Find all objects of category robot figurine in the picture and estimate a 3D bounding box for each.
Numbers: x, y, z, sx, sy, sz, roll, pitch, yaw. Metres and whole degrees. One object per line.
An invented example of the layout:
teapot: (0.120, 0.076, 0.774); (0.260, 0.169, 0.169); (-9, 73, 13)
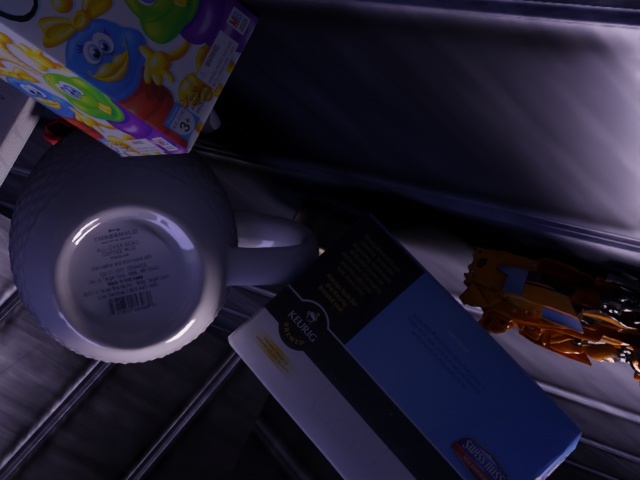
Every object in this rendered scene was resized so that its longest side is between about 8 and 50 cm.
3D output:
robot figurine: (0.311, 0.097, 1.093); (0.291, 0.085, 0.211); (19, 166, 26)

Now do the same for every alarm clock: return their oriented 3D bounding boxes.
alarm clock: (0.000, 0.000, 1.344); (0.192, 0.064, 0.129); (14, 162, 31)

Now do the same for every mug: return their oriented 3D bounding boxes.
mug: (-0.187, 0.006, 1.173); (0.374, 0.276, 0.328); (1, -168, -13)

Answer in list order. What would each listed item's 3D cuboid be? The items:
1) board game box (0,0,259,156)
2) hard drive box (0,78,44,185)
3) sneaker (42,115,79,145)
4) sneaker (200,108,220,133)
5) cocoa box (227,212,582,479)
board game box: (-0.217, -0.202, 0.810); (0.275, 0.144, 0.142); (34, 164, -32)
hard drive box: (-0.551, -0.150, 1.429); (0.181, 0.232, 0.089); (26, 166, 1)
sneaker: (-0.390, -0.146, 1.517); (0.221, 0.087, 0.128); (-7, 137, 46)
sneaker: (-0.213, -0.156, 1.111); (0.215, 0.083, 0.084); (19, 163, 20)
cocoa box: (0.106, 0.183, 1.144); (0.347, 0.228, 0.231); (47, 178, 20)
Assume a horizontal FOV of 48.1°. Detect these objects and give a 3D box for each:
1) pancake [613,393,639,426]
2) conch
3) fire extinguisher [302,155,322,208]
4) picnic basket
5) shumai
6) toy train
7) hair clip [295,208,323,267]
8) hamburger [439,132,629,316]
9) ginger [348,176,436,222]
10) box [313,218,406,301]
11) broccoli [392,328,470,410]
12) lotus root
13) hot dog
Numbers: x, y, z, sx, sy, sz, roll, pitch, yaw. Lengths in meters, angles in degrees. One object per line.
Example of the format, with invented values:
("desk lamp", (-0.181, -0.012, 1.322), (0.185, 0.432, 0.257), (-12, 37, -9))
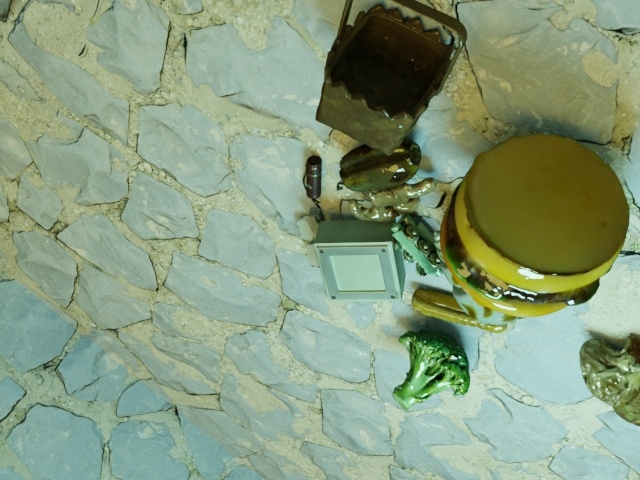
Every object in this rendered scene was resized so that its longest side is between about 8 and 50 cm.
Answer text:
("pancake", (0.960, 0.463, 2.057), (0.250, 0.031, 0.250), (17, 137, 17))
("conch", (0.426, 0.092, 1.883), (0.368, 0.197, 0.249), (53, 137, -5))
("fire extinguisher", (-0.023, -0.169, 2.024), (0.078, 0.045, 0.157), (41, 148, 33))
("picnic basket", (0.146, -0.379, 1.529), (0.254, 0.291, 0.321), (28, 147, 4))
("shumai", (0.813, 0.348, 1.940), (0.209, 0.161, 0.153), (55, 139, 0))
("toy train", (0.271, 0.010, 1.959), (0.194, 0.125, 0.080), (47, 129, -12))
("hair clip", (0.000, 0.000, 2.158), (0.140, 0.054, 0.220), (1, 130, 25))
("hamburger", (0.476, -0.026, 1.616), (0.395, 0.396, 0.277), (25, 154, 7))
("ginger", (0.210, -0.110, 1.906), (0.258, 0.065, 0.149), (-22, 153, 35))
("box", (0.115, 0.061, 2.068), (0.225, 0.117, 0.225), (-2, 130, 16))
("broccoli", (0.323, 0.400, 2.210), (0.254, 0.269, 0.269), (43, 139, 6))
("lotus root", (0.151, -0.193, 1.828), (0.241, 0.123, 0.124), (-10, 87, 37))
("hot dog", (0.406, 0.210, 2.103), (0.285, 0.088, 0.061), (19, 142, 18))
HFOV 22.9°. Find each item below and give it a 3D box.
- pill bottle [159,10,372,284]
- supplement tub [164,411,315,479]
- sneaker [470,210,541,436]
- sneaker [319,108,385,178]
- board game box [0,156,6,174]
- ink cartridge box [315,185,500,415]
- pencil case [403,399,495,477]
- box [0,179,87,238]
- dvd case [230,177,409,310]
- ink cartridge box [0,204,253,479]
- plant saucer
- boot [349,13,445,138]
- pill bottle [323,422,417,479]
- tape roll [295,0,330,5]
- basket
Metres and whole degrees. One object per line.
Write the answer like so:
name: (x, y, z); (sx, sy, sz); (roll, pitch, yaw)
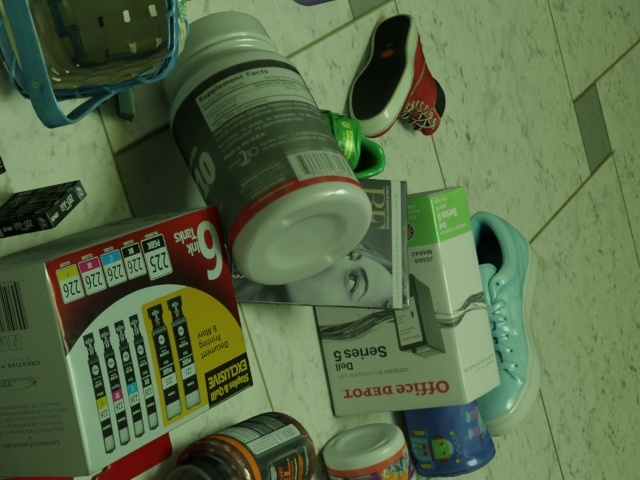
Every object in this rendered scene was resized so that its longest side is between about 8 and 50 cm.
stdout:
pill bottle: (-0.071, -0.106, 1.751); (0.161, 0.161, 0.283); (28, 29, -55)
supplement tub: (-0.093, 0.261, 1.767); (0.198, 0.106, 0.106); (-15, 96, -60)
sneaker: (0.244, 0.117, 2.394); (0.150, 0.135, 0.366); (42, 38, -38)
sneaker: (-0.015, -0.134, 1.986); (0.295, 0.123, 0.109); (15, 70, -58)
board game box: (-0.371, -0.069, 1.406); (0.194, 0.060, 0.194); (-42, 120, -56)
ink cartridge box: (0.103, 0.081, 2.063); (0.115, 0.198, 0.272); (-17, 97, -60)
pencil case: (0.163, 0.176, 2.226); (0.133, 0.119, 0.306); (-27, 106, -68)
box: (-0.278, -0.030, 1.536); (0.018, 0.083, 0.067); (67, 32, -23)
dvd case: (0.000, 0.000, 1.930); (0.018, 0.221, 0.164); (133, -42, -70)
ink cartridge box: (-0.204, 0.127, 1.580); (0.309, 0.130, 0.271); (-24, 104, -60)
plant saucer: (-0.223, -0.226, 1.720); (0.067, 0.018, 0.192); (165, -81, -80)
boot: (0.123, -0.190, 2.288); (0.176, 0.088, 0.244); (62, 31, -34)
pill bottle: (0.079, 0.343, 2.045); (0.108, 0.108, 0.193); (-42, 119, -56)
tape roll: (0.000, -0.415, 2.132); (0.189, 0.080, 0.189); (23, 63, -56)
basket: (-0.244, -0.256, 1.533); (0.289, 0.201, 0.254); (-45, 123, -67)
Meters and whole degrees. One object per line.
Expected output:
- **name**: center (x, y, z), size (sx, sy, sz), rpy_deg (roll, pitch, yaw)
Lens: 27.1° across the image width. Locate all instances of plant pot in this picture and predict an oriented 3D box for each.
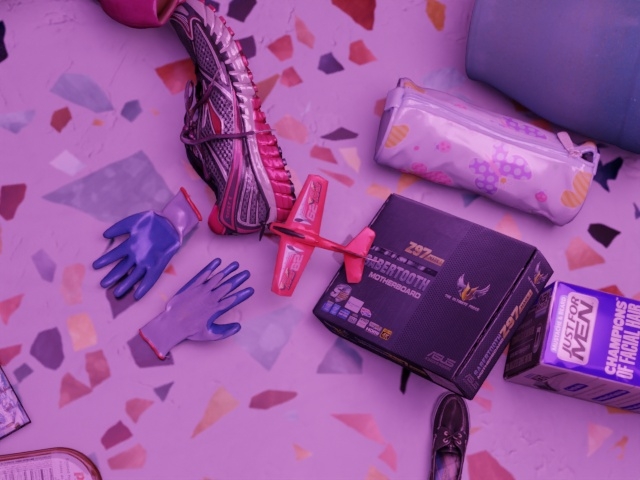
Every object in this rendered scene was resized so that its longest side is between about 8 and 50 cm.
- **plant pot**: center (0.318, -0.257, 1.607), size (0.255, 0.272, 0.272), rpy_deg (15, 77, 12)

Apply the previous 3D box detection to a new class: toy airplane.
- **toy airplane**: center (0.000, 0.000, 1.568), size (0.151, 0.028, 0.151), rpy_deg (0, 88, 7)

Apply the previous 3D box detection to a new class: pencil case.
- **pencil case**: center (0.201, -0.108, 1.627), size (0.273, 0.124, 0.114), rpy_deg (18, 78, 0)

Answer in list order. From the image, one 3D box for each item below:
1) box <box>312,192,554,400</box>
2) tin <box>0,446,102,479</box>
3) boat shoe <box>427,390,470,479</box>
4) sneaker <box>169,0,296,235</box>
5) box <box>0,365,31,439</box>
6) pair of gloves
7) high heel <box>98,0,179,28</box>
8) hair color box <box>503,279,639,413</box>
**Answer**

___

Output only the lines running from the line with "6) pair of gloves" through the final line of the data, inclusive.

6) pair of gloves
7) high heel <box>98,0,179,28</box>
8) hair color box <box>503,279,639,413</box>
**Answer**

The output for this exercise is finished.